Так оно и билось, его сердце – на разрыв. Потому и не выдержало…
Наверное, навсегда, на всю оставшуюся жизнь запомнится мне и ещё один день, половину из которого мне довелось провести рядом с Золотцевым. Это был день похорон замечательного писателя, выдающегося журналиста, удивительного человека Олега Андреевича Калкина, скоропостижно скончавшегося 19 февраля 2007-го. В любятовской церкви Святителя Николая отпевал Олега Андреевича отец Владимир, Валентин Яковлевич Курбатов читал над гробом покойного «Апостол». Людей в небольшой церкви было много, все стояли почти плечом к плечу. Золотцев чуть припоздал – вошёл с мороза раскрасневшийся, весь какой-то взъерошенный; пробившись к изголовью гроба, он долго всматривался в лицо Олега Андреевича, и взгляд его был растерянным и печальным... Потом, в Орлецах, после окончания церемонии похорон, мы с Золотцевым не поехали на поминки - это было бы уже выше наших сил, - а отправились на могилы моей матери и его родителей. С трудом пробившись по глубоком снегу к могиле моей мамы, поклонились ей, постояли несколько минут, перекрестились, затем вернулись на центральную кладбищенскую аллею и отправились дальше, к могилам родителей Станислава Александровича. 

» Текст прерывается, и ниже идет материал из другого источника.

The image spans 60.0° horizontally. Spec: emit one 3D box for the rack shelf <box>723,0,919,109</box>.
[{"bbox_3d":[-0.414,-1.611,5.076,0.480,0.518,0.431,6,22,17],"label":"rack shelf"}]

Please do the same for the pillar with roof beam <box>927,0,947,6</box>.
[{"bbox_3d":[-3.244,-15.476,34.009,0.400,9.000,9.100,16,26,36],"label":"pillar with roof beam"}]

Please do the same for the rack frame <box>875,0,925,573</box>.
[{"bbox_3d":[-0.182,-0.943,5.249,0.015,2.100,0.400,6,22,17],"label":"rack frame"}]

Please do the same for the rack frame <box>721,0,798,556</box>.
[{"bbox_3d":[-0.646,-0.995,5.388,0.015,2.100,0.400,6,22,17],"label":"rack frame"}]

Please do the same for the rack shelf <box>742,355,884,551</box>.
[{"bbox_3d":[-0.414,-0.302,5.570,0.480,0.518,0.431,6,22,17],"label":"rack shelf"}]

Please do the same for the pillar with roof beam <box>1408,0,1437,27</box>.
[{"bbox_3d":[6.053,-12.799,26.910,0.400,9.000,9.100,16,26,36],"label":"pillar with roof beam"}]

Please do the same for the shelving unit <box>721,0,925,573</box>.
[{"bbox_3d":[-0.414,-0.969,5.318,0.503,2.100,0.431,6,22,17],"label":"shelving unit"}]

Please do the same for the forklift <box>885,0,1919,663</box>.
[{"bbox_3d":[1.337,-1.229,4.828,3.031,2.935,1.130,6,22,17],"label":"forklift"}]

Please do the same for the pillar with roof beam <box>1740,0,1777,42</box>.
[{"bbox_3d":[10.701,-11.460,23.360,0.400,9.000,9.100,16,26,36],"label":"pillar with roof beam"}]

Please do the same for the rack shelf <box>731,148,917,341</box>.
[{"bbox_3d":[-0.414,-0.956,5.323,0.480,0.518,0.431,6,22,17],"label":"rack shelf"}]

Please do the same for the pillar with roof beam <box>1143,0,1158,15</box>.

- Извини, Саша: я хочу немного побыть один, - тихо сказал Золотцев спустя минуту после нашего туда прихода.
Я отошёл на аллею, а Золотцев, прислонившись к росшей у могил берёзе, что-то с минуту шептал – то ли молился над могилами, то ли обращался к белоствольной красавице, печально опустившей вниз заиндевевшие от крепкого мороза ветви, с какими-то никому, кроме неё, неведомыми признаниями… И я тогда почему-то вдруг подумал, что это наше с Золотцевым посещение родительских могил запомнится мне на всю оставшуюся жизнь; подумал так, даже не предполагая, что не пройдёт и года, как к подножию той берёзы опустят гроб с телом моего старшего товарища и друга…
 …Предисловие к своей книге, которое не успел написать Станислав Александрович, я написал сам. Но оно – не о книге, а о нём, её редакторе.
И пока это всё, что я смог сделать в память об этом удивительном человеке…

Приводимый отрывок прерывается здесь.